Records for this task
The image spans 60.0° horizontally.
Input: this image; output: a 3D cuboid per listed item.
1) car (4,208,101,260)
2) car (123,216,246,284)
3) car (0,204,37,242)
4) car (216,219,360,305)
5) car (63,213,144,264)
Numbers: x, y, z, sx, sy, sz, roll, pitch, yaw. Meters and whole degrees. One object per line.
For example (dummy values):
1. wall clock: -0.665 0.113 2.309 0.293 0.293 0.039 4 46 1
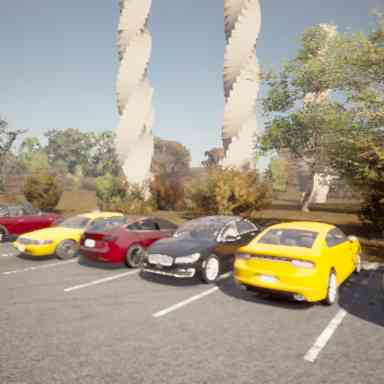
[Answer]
1. car: -3.974 1.497 12.975 1.946 1.575 5.366 0 0 36
2. car: 0.623 1.496 9.929 2.231 1.521 4.892 0 0 36
3. car: -8.363 1.368 16.298 2.185 1.767 4.553 0 0 36
4. car: 2.857 1.489 8.320 2.097 1.535 5.008 0 0 36
5. car: -1.603 1.530 11.546 2.163 1.488 4.792 0 0 36
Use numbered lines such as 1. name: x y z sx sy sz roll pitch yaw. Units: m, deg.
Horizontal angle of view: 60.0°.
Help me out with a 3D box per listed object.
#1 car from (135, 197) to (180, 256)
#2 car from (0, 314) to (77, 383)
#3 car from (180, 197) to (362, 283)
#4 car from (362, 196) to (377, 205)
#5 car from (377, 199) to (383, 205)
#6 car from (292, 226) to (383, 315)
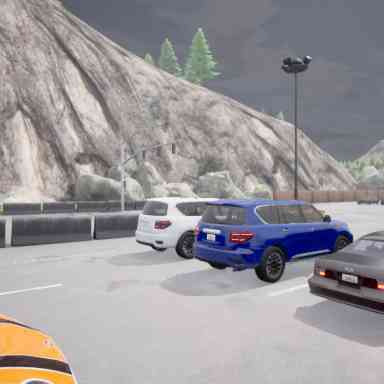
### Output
1. car: 0.572 1.221 12.824 5.566 2.045 2.150 0 0 -36
2. car: -2.901 1.350 1.673 4.553 1.767 2.097 0 0 -36
3. car: 2.595 1.221 9.946 5.566 2.045 2.150 0 0 -38
4. car: 29.524 1.387 55.701 4.181 1.385 1.994 0 0 -36
5. car: 31.942 1.385 53.139 4.181 1.385 1.994 0 0 -36
6. car: 4.783 1.547 7.236 5.357 1.411 2.033 0 0 -36
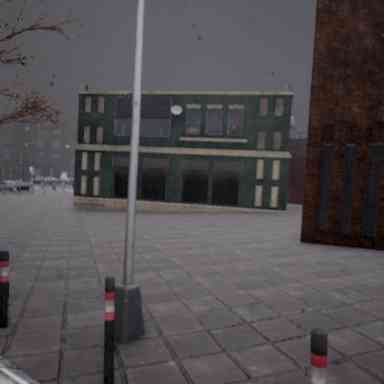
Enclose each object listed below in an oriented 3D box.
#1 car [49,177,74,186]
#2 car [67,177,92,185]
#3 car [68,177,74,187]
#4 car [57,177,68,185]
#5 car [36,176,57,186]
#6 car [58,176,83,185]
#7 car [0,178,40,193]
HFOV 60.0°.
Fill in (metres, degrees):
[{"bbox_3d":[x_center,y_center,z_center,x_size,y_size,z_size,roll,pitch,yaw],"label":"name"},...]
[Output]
[{"bbox_3d":[-26.750,-2.198,68.118,4.674,1.452,2.002,4,3,20],"label":"car"},{"bbox_3d":[-24.844,-2.399,73.294,4.892,1.521,2.231,4,3,20],"label":"car"},{"bbox_3d":[-17.797,-1.455,56.391,2.150,2.045,5.566,4,3,20],"label":"car"},{"bbox_3d":[-27.711,-2.159,65.535,5.008,1.535,2.097,4,3,20],"label":"car"},{"bbox_3d":[-28.627,-2.207,62.926,4.553,1.767,2.185,4,3,20],"label":"car"},{"bbox_3d":[-25.759,-2.441,70.685,4.553,1.767,2.185,4,3,20],"label":"car"},{"bbox_3d":[-22.015,-0.737,41.898,2.128,1.511,4.902,4,3,13],"label":"car"}]
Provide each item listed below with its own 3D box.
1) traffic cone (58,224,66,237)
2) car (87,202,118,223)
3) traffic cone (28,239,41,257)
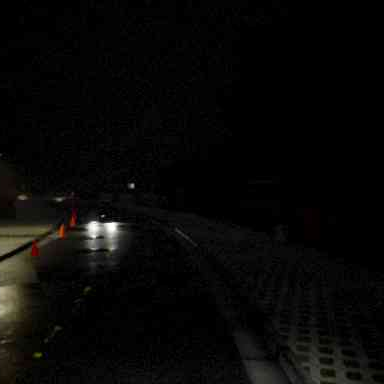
[{"bbox_3d":[-6.259,1.856,16.078,0.340,0.580,0.340,0,0,-13],"label":"traffic cone"},{"bbox_3d":[-6.578,1.413,24.175,1.994,1.385,4.181,0,0,-19],"label":"car"},{"bbox_3d":[-5.354,1.885,11.318,0.340,0.580,0.340,0,0,-9],"label":"traffic cone"}]
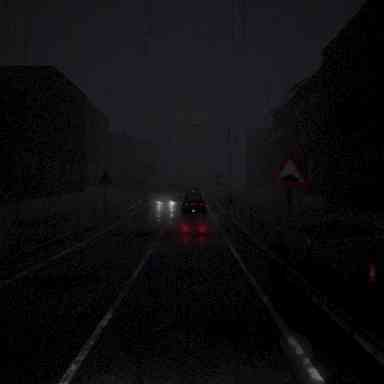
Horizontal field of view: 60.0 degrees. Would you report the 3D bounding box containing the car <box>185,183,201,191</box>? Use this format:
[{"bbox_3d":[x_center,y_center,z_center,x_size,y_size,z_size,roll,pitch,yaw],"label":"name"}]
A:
[{"bbox_3d":[0.121,-0.001,42.742,2.128,1.511,4.902,0,3,0],"label":"car"}]

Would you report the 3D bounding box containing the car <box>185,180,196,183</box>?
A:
[{"bbox_3d":[-0.238,-2.011,80.023,2.150,2.045,5.566,0,1,9],"label":"car"}]

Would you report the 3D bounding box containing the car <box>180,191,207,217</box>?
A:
[{"bbox_3d":[0.107,0.965,25.024,2.128,1.511,4.902,0,2,0],"label":"car"}]

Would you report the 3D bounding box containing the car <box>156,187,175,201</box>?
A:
[{"bbox_3d":[-3.069,0.199,39.629,1.837,1.490,4.892,0,4,0],"label":"car"}]
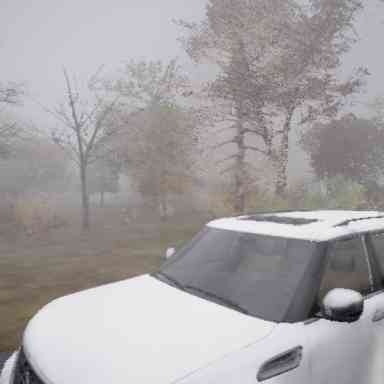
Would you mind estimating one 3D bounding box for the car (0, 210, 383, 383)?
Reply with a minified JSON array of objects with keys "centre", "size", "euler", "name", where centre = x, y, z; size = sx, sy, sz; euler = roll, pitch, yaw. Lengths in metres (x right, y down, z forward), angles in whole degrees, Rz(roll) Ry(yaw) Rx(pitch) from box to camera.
[{"centre":[1.057,1.267,3.720],"size":[5.566,2.045,2.150],"euler":[1,-1,-37],"name":"car"}]

What needs to be done
Word for word and without any pictures, return all of the lines above.

Written solution
The image spans 60.0° horizontally.
Input: this image; output: a 3D cuboid per listed item.
1) car (4,208,101,260)
2) car (123,216,246,284)
3) car (0,204,37,242)
4) car (216,219,360,305)
5) car (63,213,144,264)
Numbers: x, y, z, sx, sy, sz, roll, pitch, yaw. Meters and whole degrees. One object per line.
For example (dummy values):
1. wall clock: -0.665 0.113 2.309 0.293 0.293 0.039 4 46 1
[Answer]
1. car: -3.974 1.497 12.975 1.946 1.575 5.366 0 0 36
2. car: 0.623 1.496 9.929 2.231 1.521 4.892 0 0 36
3. car: -8.363 1.368 16.298 2.185 1.767 4.553 0 0 36
4. car: 2.857 1.489 8.320 2.097 1.535 5.008 0 0 36
5. car: -1.603 1.530 11.546 2.163 1.488 4.792 0 0 36
Use numbered lines such as 1. name: x y z sx sy sz roll pitch yaw. Units: m, deg.
Horizontal angle of view: 60.0°.
Help me out with a 3D box per listed object.
#1 car from (135, 197) to (180, 256)
#2 car from (0, 314) to (77, 383)
#3 car from (180, 197) to (362, 283)
#4 car from (362, 196) to (377, 205)
#5 car from (377, 199) to (383, 205)
#6 car from (292, 226) to (383, 315)
### Output
1. car: 0.572 1.221 12.824 5.566 2.045 2.150 0 0 -36
2. car: -2.901 1.350 1.673 4.553 1.767 2.097 0 0 -36
3. car: 2.595 1.221 9.946 5.566 2.045 2.150 0 0 -38
4. car: 29.524 1.387 55.701 4.181 1.385 1.994 0 0 -36
5. car: 31.942 1.385 53.139 4.181 1.385 1.994 0 0 -36
6. car: 4.783 1.547 7.236 5.357 1.411 2.033 0 0 -36
Enclose each object listed below in an oriented 3D box.
#1 car [49,177,74,186]
#2 car [67,177,92,185]
#3 car [68,177,74,187]
#4 car [57,177,68,185]
#5 car [36,176,57,186]
#6 car [58,176,83,185]
#7 car [0,178,40,193]
HFOV 60.0°.
Fill in (metres, degrees):
[{"bbox_3d":[x_center,y_center,z_center,x_size,y_size,z_size,roll,pitch,yaw],"label":"name"},...]
[Output]
[{"bbox_3d":[-26.750,-2.198,68.118,4.674,1.452,2.002,4,3,20],"label":"car"},{"bbox_3d":[-24.844,-2.399,73.294,4.892,1.521,2.231,4,3,20],"label":"car"},{"bbox_3d":[-17.797,-1.455,56.391,2.150,2.045,5.566,4,3,20],"label":"car"},{"bbox_3d":[-27.711,-2.159,65.535,5.008,1.535,2.097,4,3,20],"label":"car"},{"bbox_3d":[-28.627,-2.207,62.926,4.553,1.767,2.185,4,3,20],"label":"car"},{"bbox_3d":[-25.759,-2.441,70.685,4.553,1.767,2.185,4,3,20],"label":"car"},{"bbox_3d":[-22.015,-0.737,41.898,2.128,1.511,4.902,4,3,13],"label":"car"}]
Provide each item listed below with its own 3D box.
1) traffic cone (58,224,66,237)
2) car (87,202,118,223)
3) traffic cone (28,239,41,257)
[{"bbox_3d":[-6.259,1.856,16.078,0.340,0.580,0.340,0,0,-13],"label":"traffic cone"},{"bbox_3d":[-6.578,1.413,24.175,1.994,1.385,4.181,0,0,-19],"label":"car"},{"bbox_3d":[-5.354,1.885,11.318,0.340,0.580,0.340,0,0,-9],"label":"traffic cone"}]
Horizontal field of view: 60.0 degrees. Would you report the 3D bounding box containing the car <box>185,183,201,191</box>? Use this format:
[{"bbox_3d":[x_center,y_center,z_center,x_size,y_size,z_size,roll,pitch,yaw],"label":"name"}]
A:
[{"bbox_3d":[0.121,-0.001,42.742,2.128,1.511,4.902,0,3,0],"label":"car"}]

Would you report the 3D bounding box containing the car <box>185,180,196,183</box>?
A:
[{"bbox_3d":[-0.238,-2.011,80.023,2.150,2.045,5.566,0,1,9],"label":"car"}]

Would you report the 3D bounding box containing the car <box>180,191,207,217</box>?
A:
[{"bbox_3d":[0.107,0.965,25.024,2.128,1.511,4.902,0,2,0],"label":"car"}]

Would you report the 3D bounding box containing the car <box>156,187,175,201</box>?
A:
[{"bbox_3d":[-3.069,0.199,39.629,1.837,1.490,4.892,0,4,0],"label":"car"}]
Would you mind estimating one 3D bounding box for the car (0, 210, 383, 383)?
Reply with a minified JSON array of objects with keys "centre", "size", "euler", "name", where centre = x, y, z; size = sx, sy, sz; euler = roll, pitch, yaw. Lengths in metres (x right, y down, z forward), angles in whole degrees, Rz(roll) Ry(yaw) Rx(pitch) from box to camera.
[{"centre":[1.057,1.267,3.720],"size":[5.566,2.045,2.150],"euler":[1,-1,-37],"name":"car"}]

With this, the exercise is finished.